=== Task brief ===
Give back every record word for word, but keep the pictures out.

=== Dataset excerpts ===
_ _ _ _ _ _ _

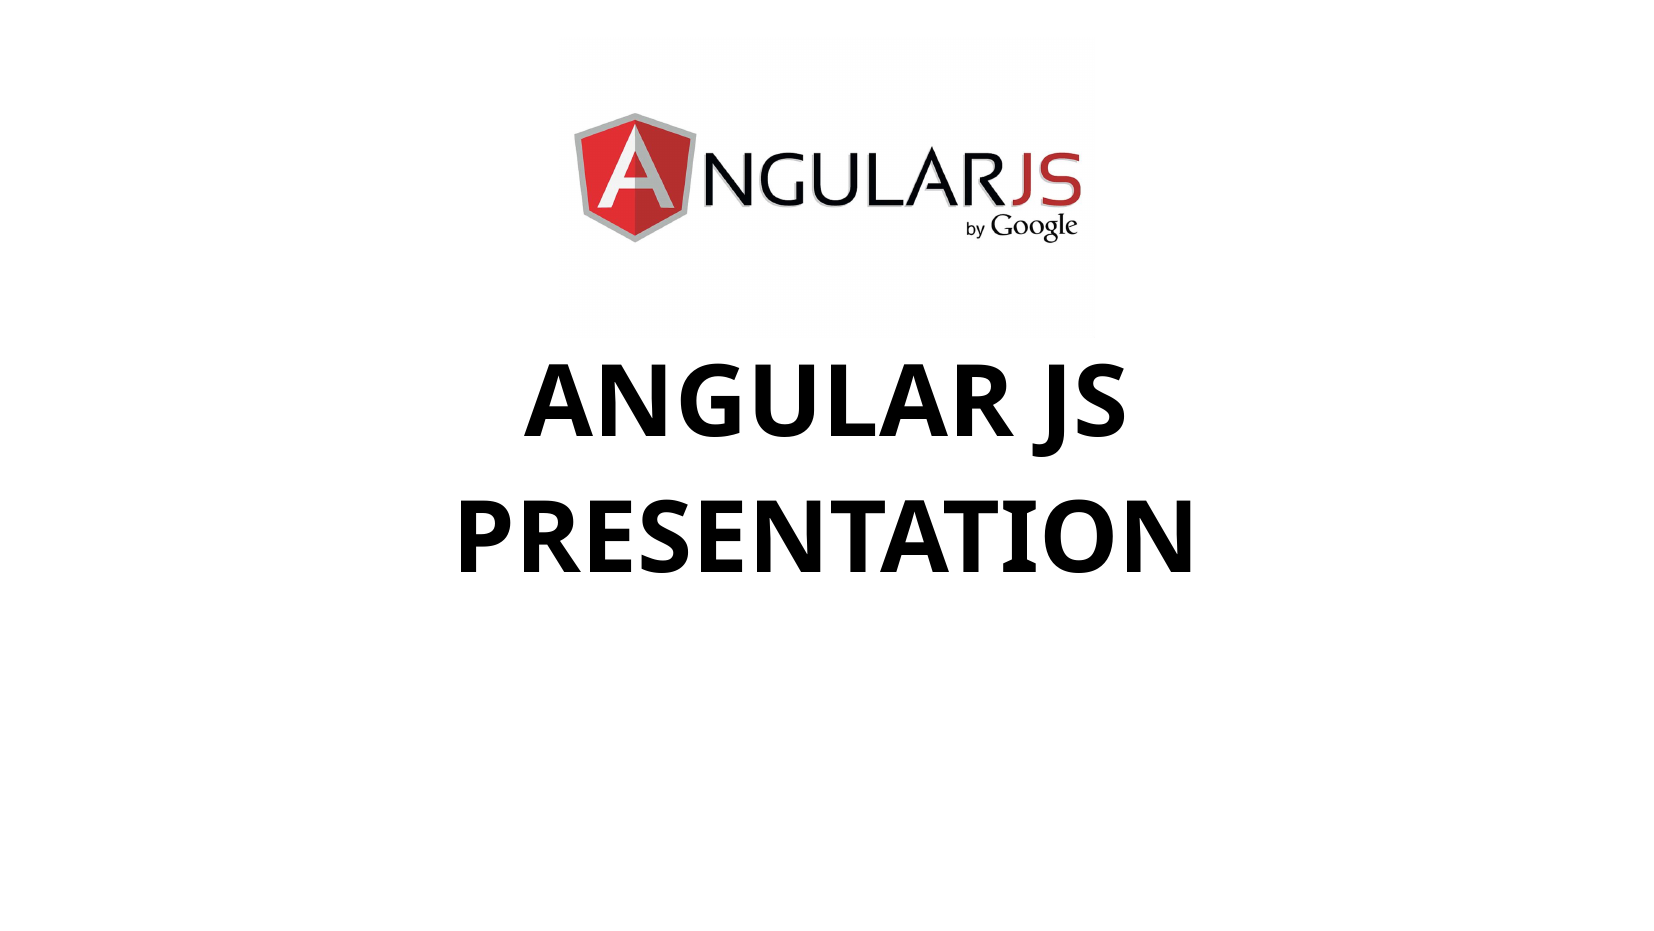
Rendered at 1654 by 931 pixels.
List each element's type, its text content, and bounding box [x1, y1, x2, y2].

picture [559, 37, 1095, 338]
subtitle ANGULAR JS PRESENTATION [82, 37, 1571, 757]
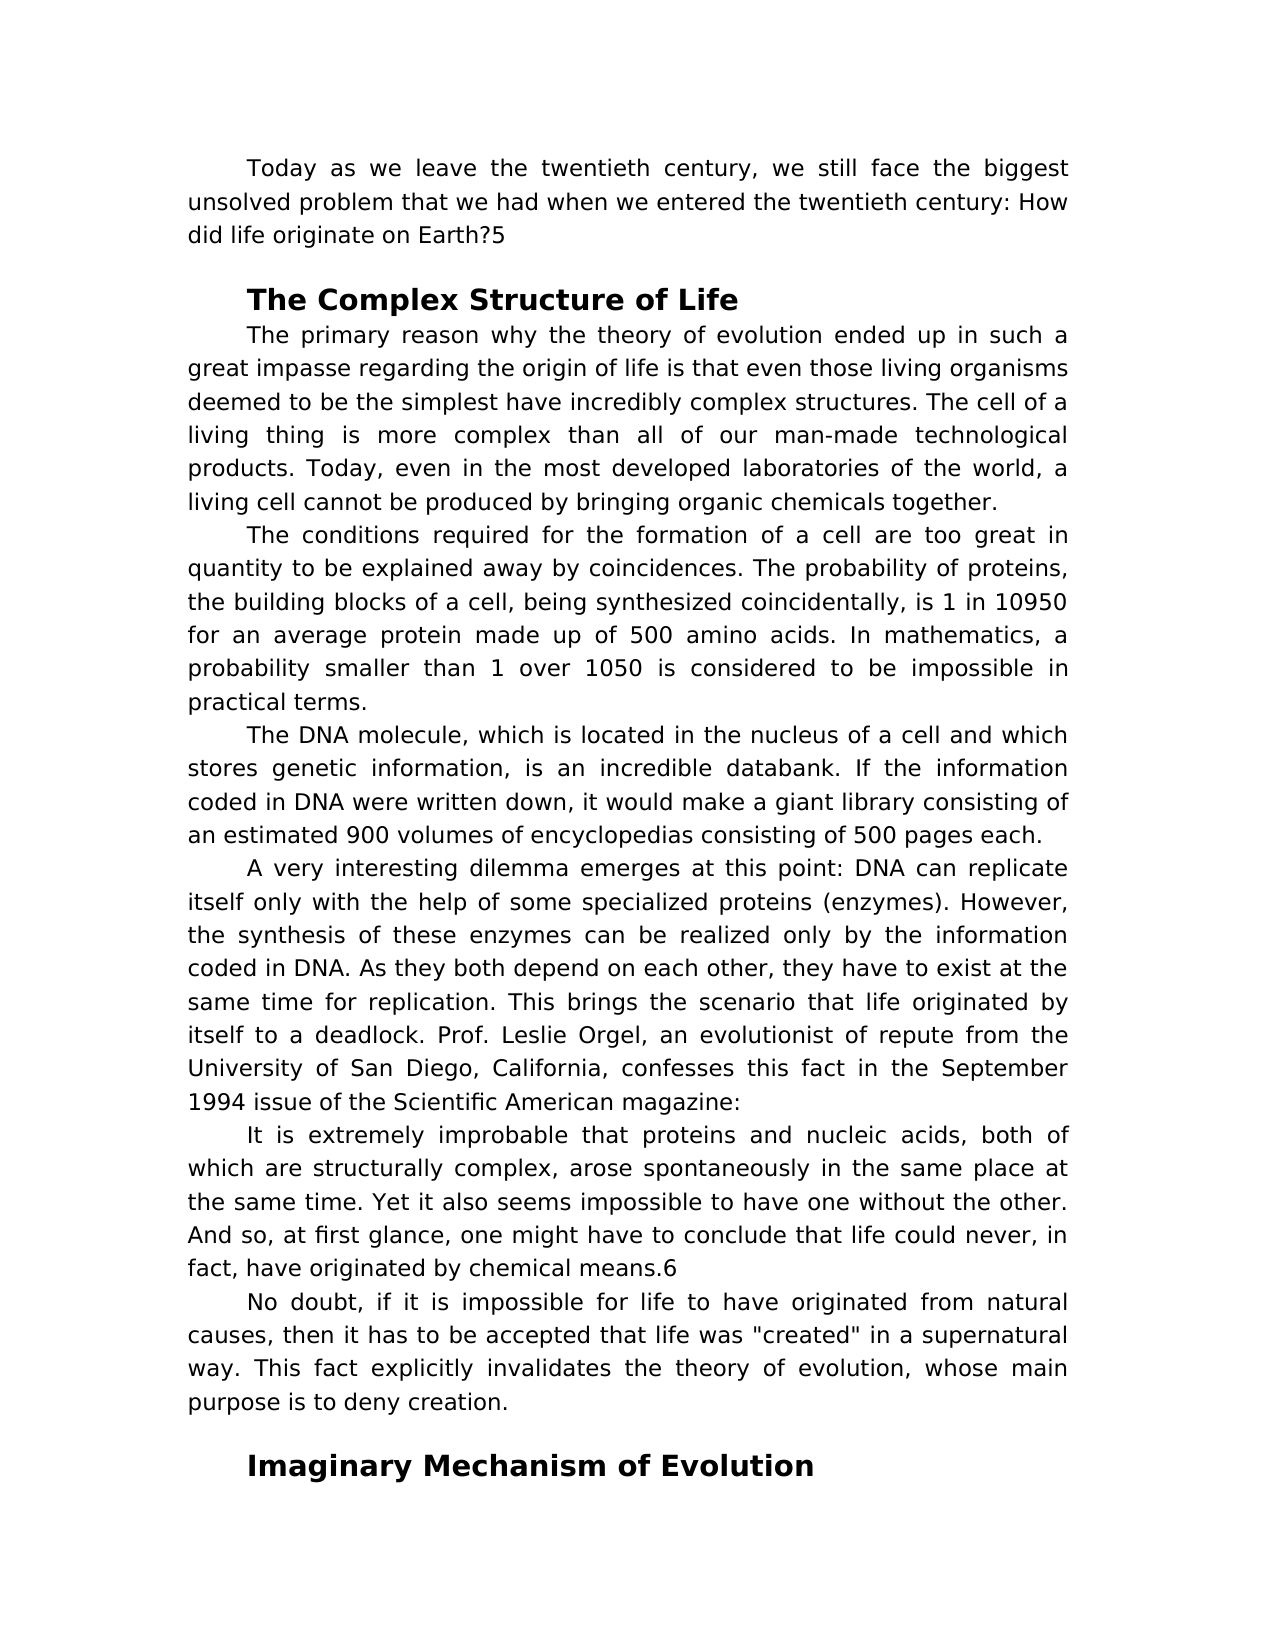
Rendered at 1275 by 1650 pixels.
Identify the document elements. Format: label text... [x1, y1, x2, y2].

text Imaginary Mechanism of Evolution [187, 1450, 1070, 1483]
text The Complex Structure of Life [187, 283, 1070, 317]
text The DNA molecule, which is located in the nucleus of a cell and which stores genetic information, is an incredible databank. If the information coded in DNA were written down, it would make a giant library consisting of an estimated 900 volumes of encyclopedias consisting of 500 pages each. [187, 717, 1070, 850]
text A very interesting dilemma emerges at this point: DNA can replicate itself only with the help of some specialized proteins (enzymes). However, the synthesis of these enzymes can be realized only by the information coded in DNA. As they both depend on each other, they have to exist at the same time for replication. This brings the scenario that life originated by itself to a deadlock. Prof. Leslie Orgel, an evolutionist of repute from the University of San Diego, California, confesses this fact in the September 1994 issue of the Scientific American magazine: [187, 850, 1070, 1117]
text It is extremely improbable that proteins and nucleic acids, both of which are structurally complex, arose spontaneously in the same place at the same time. Yet it also seems impossible to have one without the other. And so, at first glance, one might have to conclude that life could never, in fact, have originated by chemical means.6 [187, 1117, 1070, 1283]
text The primary reason why the theory of evolution ended up in such a great impasse regarding the origin of life is that even those living organisms deemed to be the simplest have incredibly complex structures. The cell of a living thing is more complex than all of our man-made technological products. Today, even in the most developed laboratories of the world, a living cell cannot be produced by bringing organic chemicals together. [187, 317, 1070, 517]
text The conditions required for the formation of a cell are too great in quantity to be explained away by coincidences. The probability of proteins, the building blocks of a cell, being synthesized coincidentally, is 1 in 10950 for an average protein made up of 500 amino acids. In mathematics, a probability smaller than 1 over 1050 is considered to be impossible in practical terms. [187, 517, 1070, 717]
text No doubt, if it is impossible for life to have originated from natural causes, then it has to be accepted that life was "created" in a supernatural way. This fact explicitly invalidates the theory of evolution, whose main purpose is to deny creation. [187, 1283, 1070, 1417]
text Today as we leave the twentieth century, we still face the biggest unsolved problem that we had when we entered the twentieth century: How did life originate on Earth?5 [187, 150, 1070, 250]
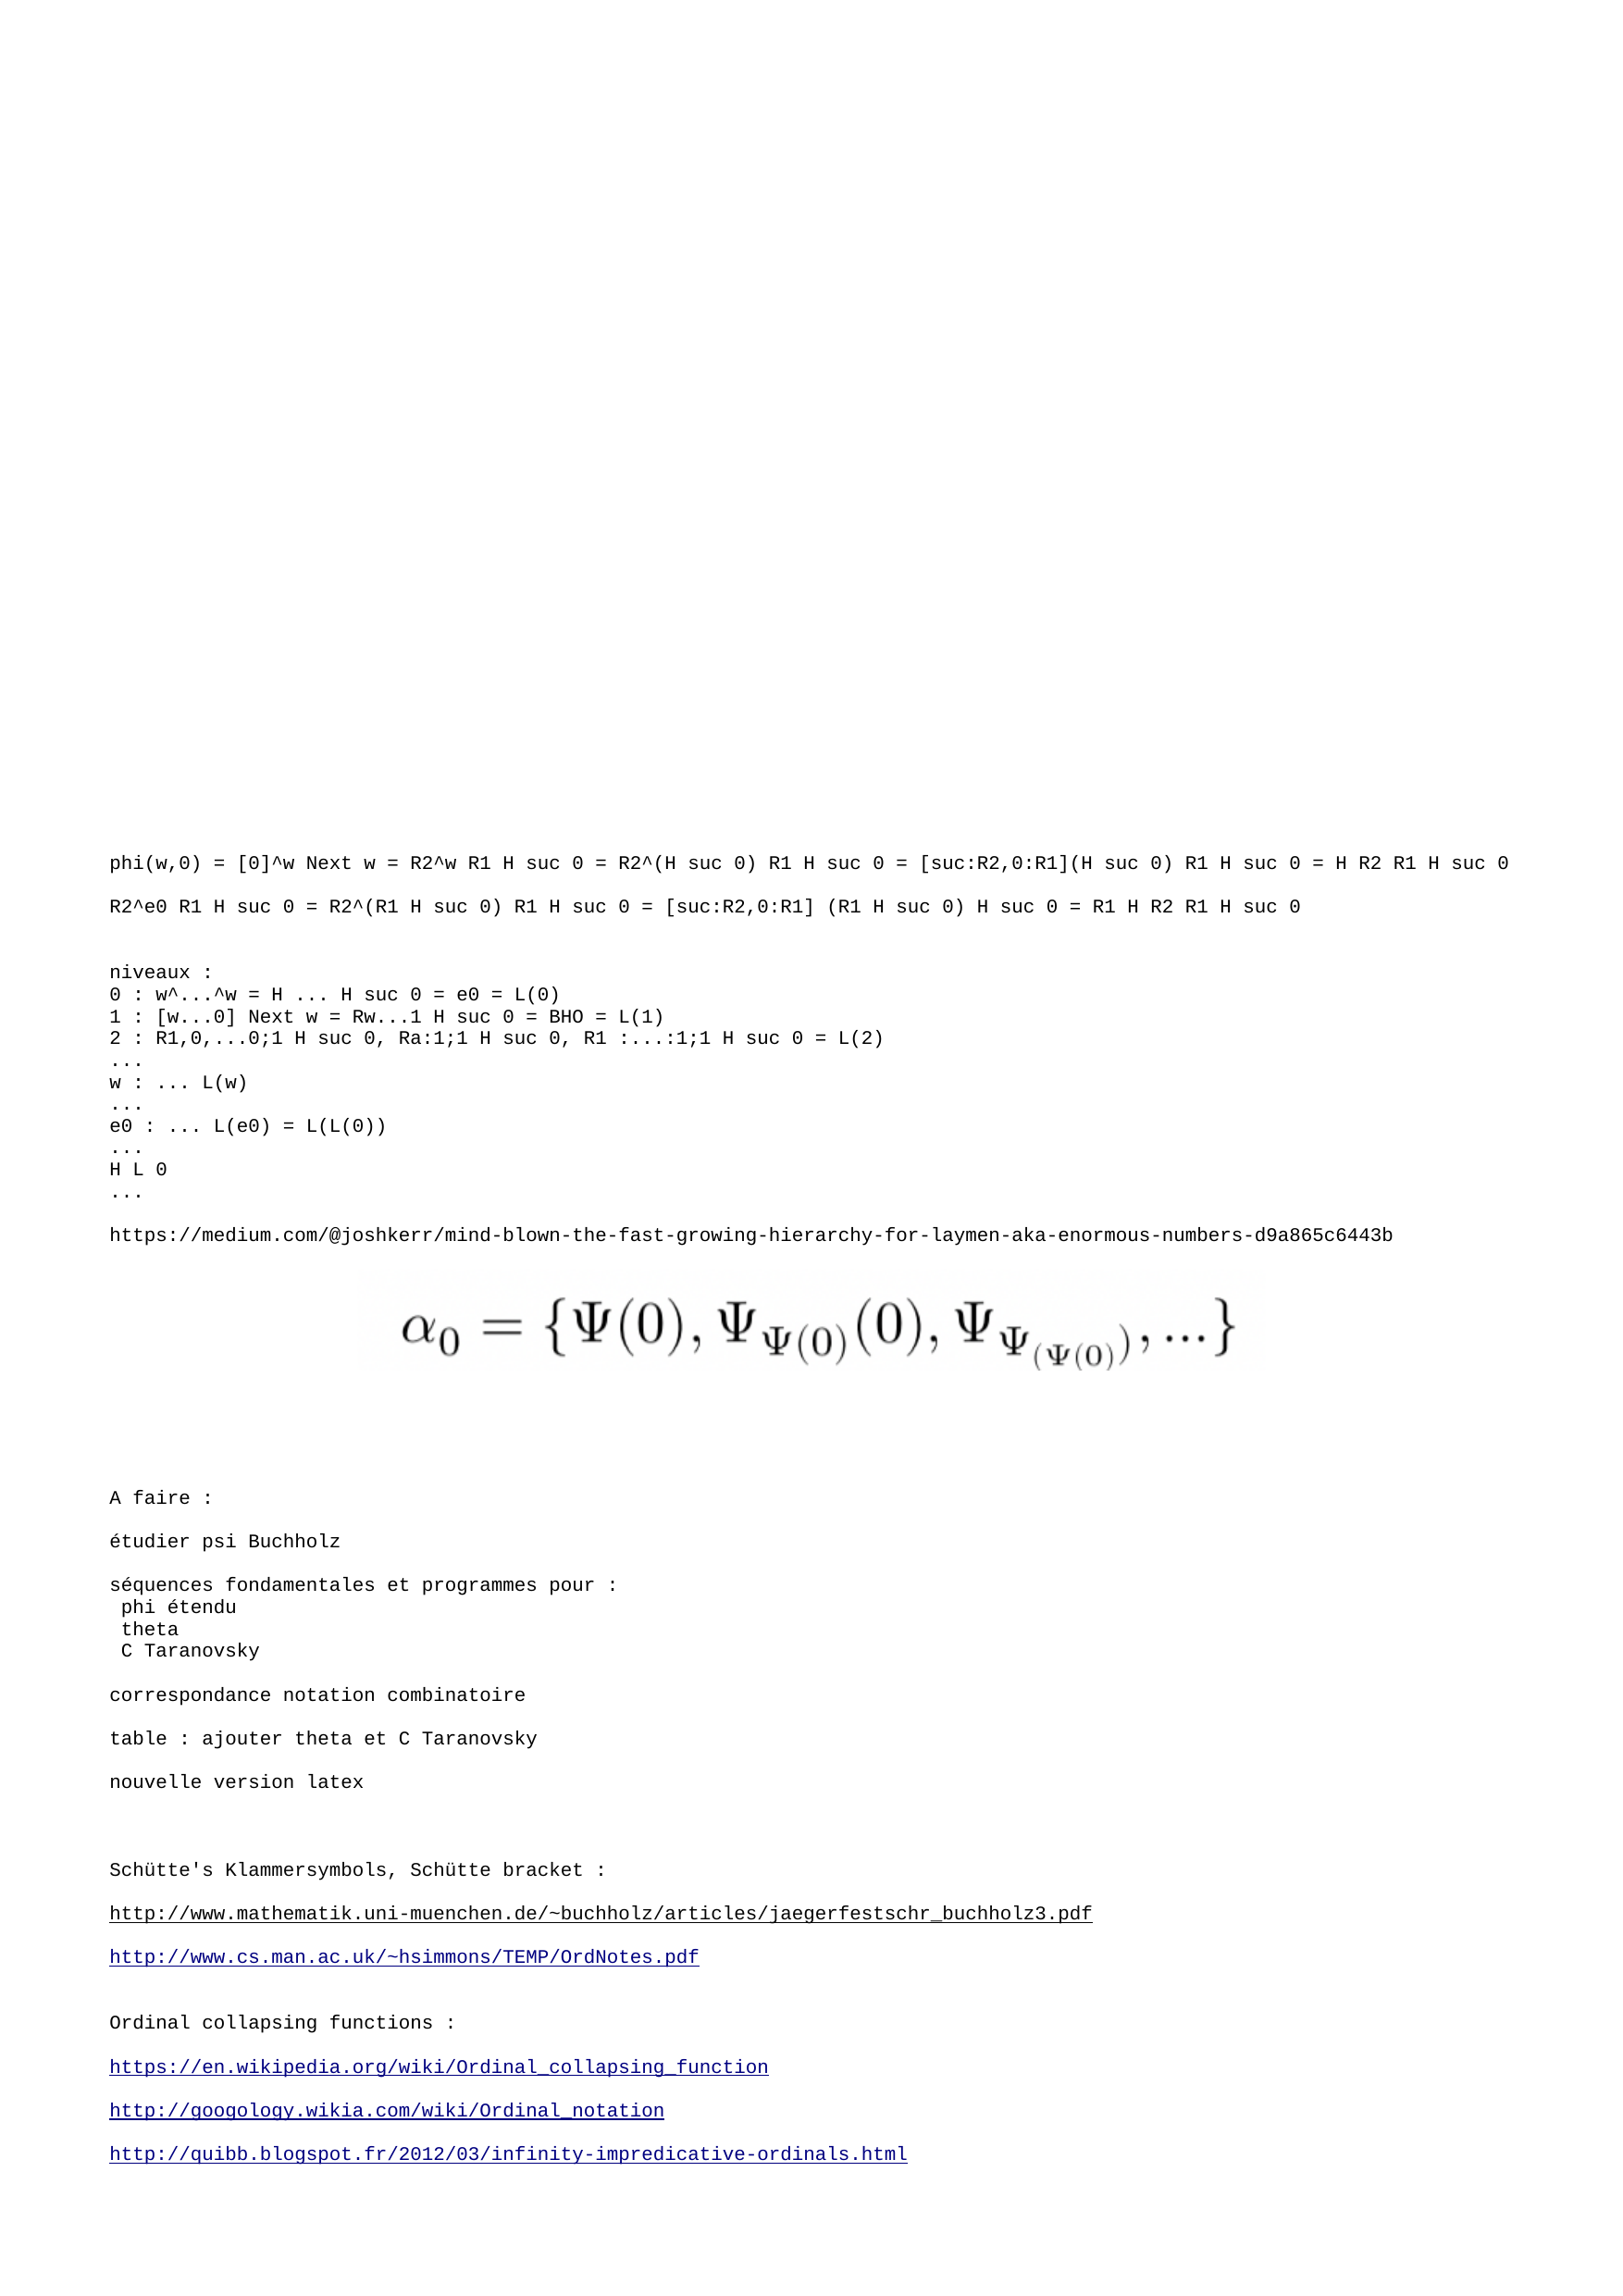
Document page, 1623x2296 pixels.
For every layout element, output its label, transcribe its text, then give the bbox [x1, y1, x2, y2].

_ _ _ _ _ _ _

=== Finished exercise ===
Rendered at 1654 by 931 pixels.
List each element's type, its text content, and bounding box [x1, y1, x2, y2].

picture [559, 37, 1095, 338]
subtitle ANGULAR JS PRESENTATION [82, 37, 1571, 757]
Rendered at 1275 by 1650 pixels.
Identify the document elements. Format: label text... [x1, y1, x2, y2].

text Imaginary Mechanism of Evolution [187, 1450, 1070, 1483]
text The Complex Structure of Life [187, 283, 1070, 317]
text The DNA molecule, which is located in the nucleus of a cell and which stores genetic information, is an incredible databank. If the information coded in DNA were written down, it would make a giant library consisting of an estimated 900 volumes of encyclopedias consisting of 500 pages each. [187, 717, 1070, 850]
text A very interesting dilemma emerges at this point: DNA can replicate itself only with the help of some specialized proteins (enzymes). However, the synthesis of these enzymes can be realized only by the information coded in DNA. As they both depend on each other, they have to exist at the same time for replication. This brings the scenario that life originated by itself to a deadlock. Prof. Leslie Orgel, an evolutionist of repute from the University of San Diego, California, confesses this fact in the September 1994 issue of the Scientific American magazine: [187, 850, 1070, 1117]
text It is extremely improbable that proteins and nucleic acids, both of which are structurally complex, arose spontaneously in the same place at the same time. Yet it also seems impossible to have one without the other. And so, at first glance, one might have to conclude that life could never, in fact, have originated by chemical means.6 [187, 1117, 1070, 1283]
text The primary reason why the theory of evolution ended up in such a great impasse regarding the origin of life is that even those living organisms deemed to be the simplest have incredibly complex structures. The cell of a living thing is more complex than all of our man-made technological products. Today, even in the most developed laboratories of the world, a living cell cannot be produced by bringing organic chemicals together. [187, 317, 1070, 517]
text The conditions required for the formation of a cell are too great in quantity to be explained away by coincidences. The probability of proteins, the building blocks of a cell, being synthesized coincidentally, is 1 in 10950 for an average protein made up of 500 amino acids. In mathematics, a probability smaller than 1 over 1050 is considered to be impossible in practical terms. [187, 517, 1070, 717]
text No doubt, if it is impossible for life to have originated from natural causes, then it has to be accepted that life was "created" in a supernatural way. This fact explicitly invalidates the theory of evolution, whose main purpose is to deny creation. [187, 1283, 1070, 1417]
text Today as we leave the twentieth century, we still face the biggest unsolved problem that we had when we entered the twentieth century: How did life originate on Earth?5 [187, 150, 1070, 250]
Document page, 1623x2296 pixels.
For every layout element, output its label, transcribe its text, then give the bbox [x1, y1, x2, y2].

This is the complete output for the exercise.